Adversarial Machine Learning Defenses

Defenses against white-box evasion attacks

Overview

The code in this repository is based on an assignment for CS 404/504.
The code does the following:

data_loader.ipynb...
- Preprocesses the LFW dataset
BinaryInputDetectionDefense.ipynb...
- Trains a classifier on the data
- Generates white-box attacks against the classifier
- Implements a binary input detection defense against the attacks
AdversarialTrainingDefense.ipynb...
- Implements an adversarial training defense against the attacks
- Attacks an image to fool the Clarifai celebrity identifier

Prerequisites

Libraries

The scripts are in the Jupyter notebook format. The advised way to run the scripts is with Google Colab. Google Colab is an environment for running Jupyter notebooks on Google hardware. Free GPUs are available, and it is highly recommended you use one. It will save you days of time. Google Colab also has all sorts of libraries for machine learning (and other fields) pre-installed. The ones used in these notebooks are:

tensorflow.keras (different than keras)
numpy
pandas
PIL (Pillow)
pickle
tabulate
matplotlib

The library used for the adversarial attacks and training is the Adversarial Robustness Toolbox (ART). It is not included in Google Colab, so the scripts automatically install it.
THERE IS A SLIGHT ISSUE with ART at the moment. The Deepfool attack does not currently work. It seems as though the Deepfool attack takes too many steps, applying too much noise and using too much time. The output for the Deepfool attacks will be very inconsistent. Everything else in ART used in these notebooks works just fine.

Dataset

The dataset used is the Labeled Faces in the Wild (LFW) dataset.

Clarifai

The Clarifai celebrity identifier is used in AdversarialTrainingDefense.ipynb.

How to use the repository

Follow the instrunctions for the notebooks in this order:

data_loader.ipynb
BinaryInputDetectionDefense.ipynb
AdversarialTrainingDefense.ipynb

Instructions are found below. The files are found in this repository at:

GitHub often has issues with Jupyter notebooks. If this is the case, you can view the notebooks here as well:

If you are using Google Colab you will not need to download any libraries, the notebooks will take care of that for you. If you are not using Google Colab, you will need to download all of the libraries mentioned above.

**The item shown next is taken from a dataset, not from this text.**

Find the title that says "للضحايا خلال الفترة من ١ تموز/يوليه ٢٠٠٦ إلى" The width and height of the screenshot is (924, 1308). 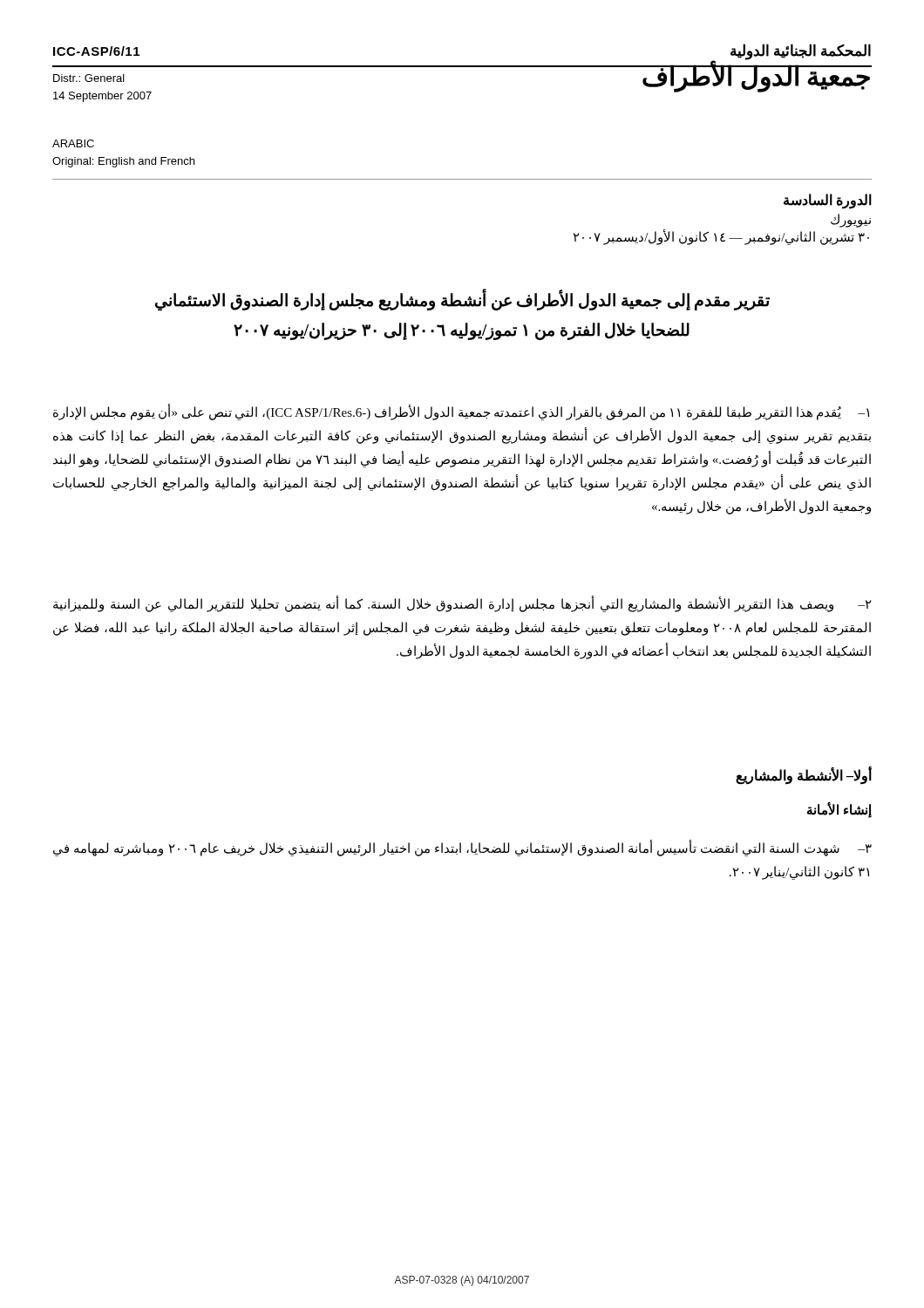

There is a cell for mounting your Google Drive. This only works on Google Colab. If you are not using Google Colab, do not run the cell. It is the first cell in each notebook.

All the folders in the paths specified by you must already exist. The notebooks do not create folders that do not exist.

data_loader.ipynb

This notebook loads the LFW dataset, normalizes it, and saves separate files for training, testing, and validation data. To normalize the data, this notebook loads the images as integer arrays and scales them into float arrays with values in the range [0.0-1.0].

Download the LFW dataset to some path PATH. Set the variables:

DATA_DIR to PATH
PICKLED_DATA_PATH to the path where you would like to save the pickled (via the pickle library) data

Make sure PATH contains the folders Test, Train, and Validation. Next, run the notebook. It will preprocess the data and export it to the path you supplied.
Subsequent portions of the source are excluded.